As a method for changing the properties of the material itself, a method of incorporating a silicone oil into an ABS resin and a method of incorporating an epoxy-containing olefin copolymer into an ABS resin have been proposed. For example, there have been disclosed a technology of incorporating an organosilicon compound into a resin composed of a polycarbonate resin and an ABS resin (see patent document 1), a technology of incorporating a flame retardant, a flame retarding aid and a silicone oil into an ABS resin (see patent document 2), a technology of incorporating a silicone oil into a rubber-modified polystyrene resin (see patent document 3), a technology of incorporating an alkali (earth) metal salt of an alkane sulfonate surfactant into an ABS resin (see patent document 4), and a technology of incorporating a modified polyorganosiloxane having at least one reactive group selected from among an epoxy group, a carboxyl group and an acid anhydride group into an ABS resin (see patent document 5).

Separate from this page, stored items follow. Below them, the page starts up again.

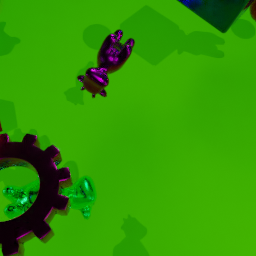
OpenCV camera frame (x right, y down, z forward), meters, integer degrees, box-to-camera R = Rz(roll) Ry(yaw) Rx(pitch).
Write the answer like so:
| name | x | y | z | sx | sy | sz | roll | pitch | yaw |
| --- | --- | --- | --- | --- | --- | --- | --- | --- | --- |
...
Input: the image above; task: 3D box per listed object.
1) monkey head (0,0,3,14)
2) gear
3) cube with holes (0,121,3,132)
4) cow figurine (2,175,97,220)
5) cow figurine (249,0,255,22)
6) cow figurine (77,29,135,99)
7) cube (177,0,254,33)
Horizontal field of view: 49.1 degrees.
| name | x | y | z | sx | sy | sz | roll | pitch | yaw |
| --- | --- | --- | --- | --- | --- | --- | --- | --- | --- |
| monkey head | -2.898 | -2.705 | 5.619 | 0.923 | 1.532 | 1.102 | 43 | 47 | -30 |
| gear | -1.669 | 0.887 | 3.917 | 1.723 | 0.319 | 1.723 | 2 | 58 | -4 |
| cube with holes | -2.445 | -0.232 | 3.958 | 0.788 | 0.788 | 0.788 | 11 | 27 | 28 |
| cow figurine | -1.326 | 1.301 | 5.104 | 1.460 | 1.437 | 0.802 | -23 | 56 | 1 |
| cow figurine | 3.096 | -2.593 | 5.654 | 1.665 | 1.692 | 0.929 | 13 | 97 | -35 |
| cow figurine | -0.414 | -1.240 | 5.484 | 0.685 | 1.247 | 1.227 | 34 | 118 | -9 |
| cube | 1.865 | -2.869 | 5.234 | 1.298 | 1.298 | 1.298 | 39 | 55 | 7 |

However, an effect of reducing squeaking noises obtained by these methods is not sufficient. Even if the effect of preventing squeaking noises is considerably exhibited just after molding, the durability of the effect is poor, and in particular, there is a problem that the effect deteriorates remarkably when being placed under high temperatures for a long time.
Moreover, when the parts made of styrene resins represented by ABS resins are assembled in combination, even with those technologies, the sufficient effect of reducing squeaking noises cannot be obtained and thus there was a problem that the range of usage was limited.